◆ Problem details: Scan the records for the string "statusCode" and state how many lines contain it, using the number alone.
------
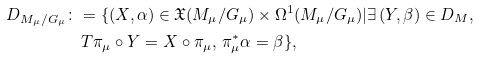Convert formula to latex. <formula><loc_0><loc_0><loc_500><loc_500>D _ { M _ { \mu } / G _ { \mu } } \colon & = \{ ( X , \alpha ) \in \mathfrak { X } ( M _ { \mu } / G _ { \mu } ) \times \Omega ^ { 1 } ( M _ { \mu } / G _ { \mu } ) | \exists \, ( Y , \beta ) \in D _ { M } , \\ & \, T \pi _ { \mu } \circ Y = X \circ \pi _ { \mu } , \, \pi _ { \mu } ^ { \ast } \alpha = \beta \} ,</formula> 
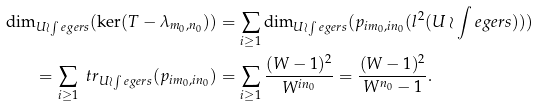Convert formula to latex. <formula><loc_0><loc_0><loc_500><loc_500>\dim _ { U \wr \int e g e r s } ( \ker ( T - \lambda _ { m _ { 0 } , n _ { 0 } } ) ) & = \sum _ { i \geq 1 } \dim _ { U \wr \int e g e r s } ( p _ { i m _ { 0 } , i n _ { 0 } } ( l ^ { 2 } ( U \wr \int e g e r s ) ) ) \\ = \sum _ { i \geq 1 } \ t r _ { U \wr \int e g e r s } ( p _ { i m _ { 0 } , i n _ { 0 } } ) & = \sum _ { i \geq 1 } \frac { ( W - 1 ) ^ { 2 } } { W ^ { i n _ { 0 } } } = \frac { ( W - 1 ) ^ { 2 } } { W ^ { n _ { 0 } } - 1 } .</formula> 
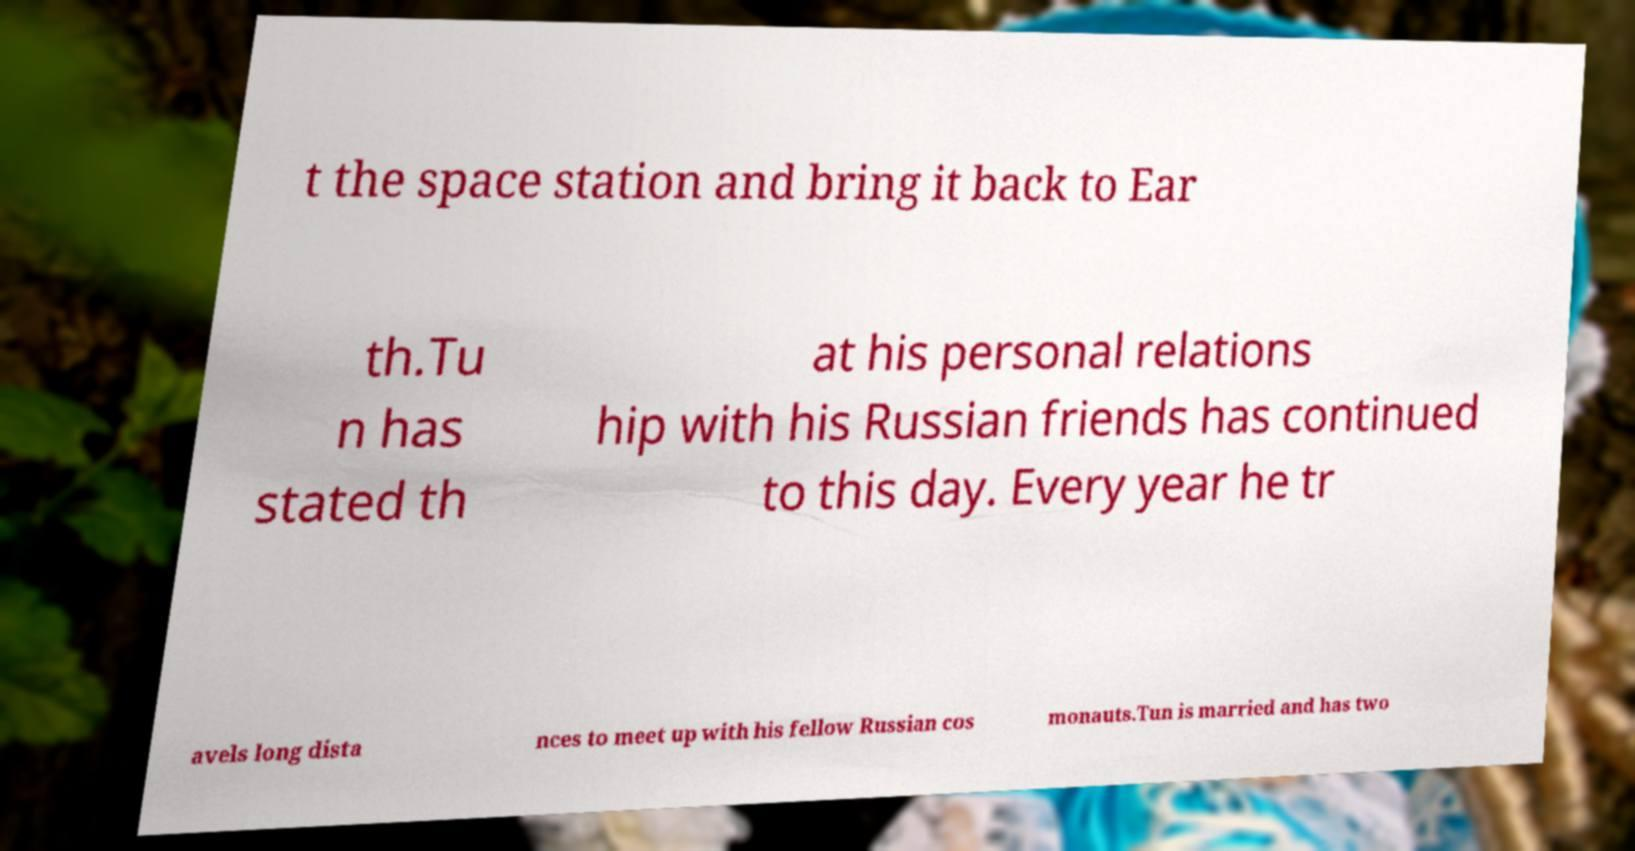Could you extract and type out the text from this image? t the space station and bring it back to Ear th.Tu n has stated th at his personal relations hip with his Russian friends has continued to this day. Every year he tr avels long dista nces to meet up with his fellow Russian cos monauts.Tun is married and has two 
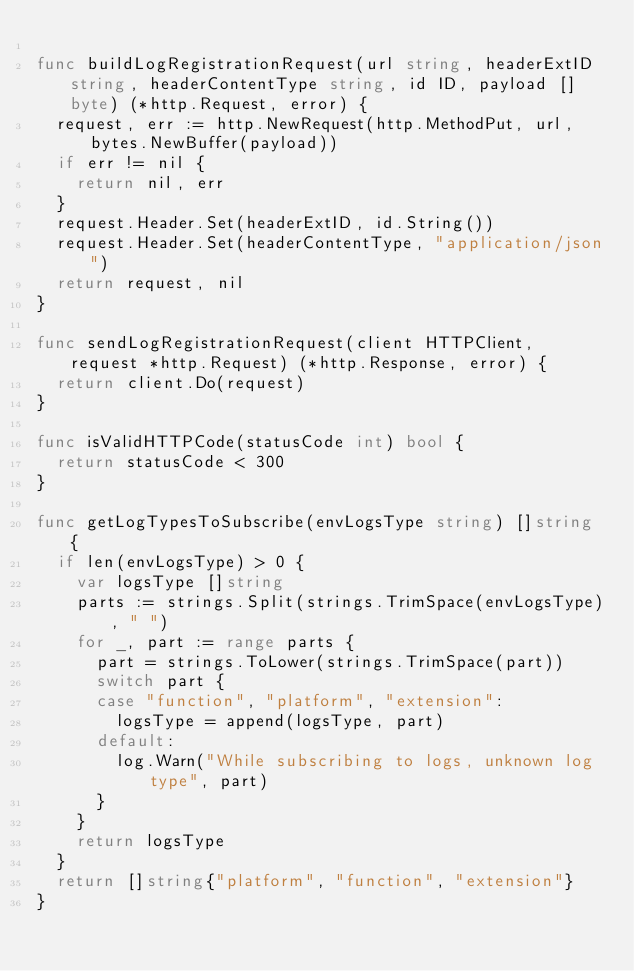<code> <loc_0><loc_0><loc_500><loc_500><_Go_>
func buildLogRegistrationRequest(url string, headerExtID string, headerContentType string, id ID, payload []byte) (*http.Request, error) {
	request, err := http.NewRequest(http.MethodPut, url, bytes.NewBuffer(payload))
	if err != nil {
		return nil, err
	}
	request.Header.Set(headerExtID, id.String())
	request.Header.Set(headerContentType, "application/json")
	return request, nil
}

func sendLogRegistrationRequest(client HTTPClient, request *http.Request) (*http.Response, error) {
	return client.Do(request)
}

func isValidHTTPCode(statusCode int) bool {
	return statusCode < 300
}

func getLogTypesToSubscribe(envLogsType string) []string {
	if len(envLogsType) > 0 {
		var logsType []string
		parts := strings.Split(strings.TrimSpace(envLogsType), " ")
		for _, part := range parts {
			part = strings.ToLower(strings.TrimSpace(part))
			switch part {
			case "function", "platform", "extension":
				logsType = append(logsType, part)
			default:
				log.Warn("While subscribing to logs, unknown log type", part)
			}
		}
		return logsType
	}
	return []string{"platform", "function", "extension"}
}
</code> 
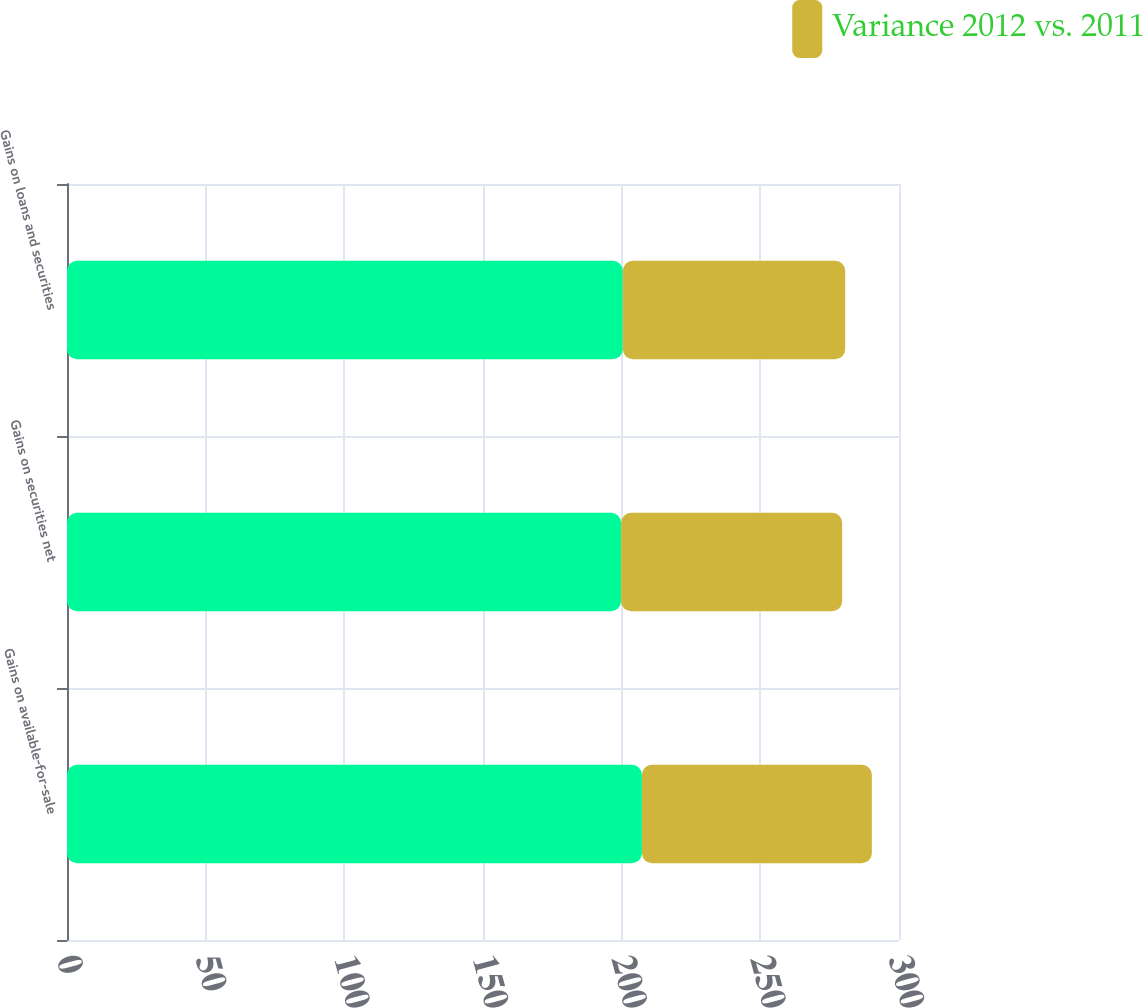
------
◆ Completed task: 2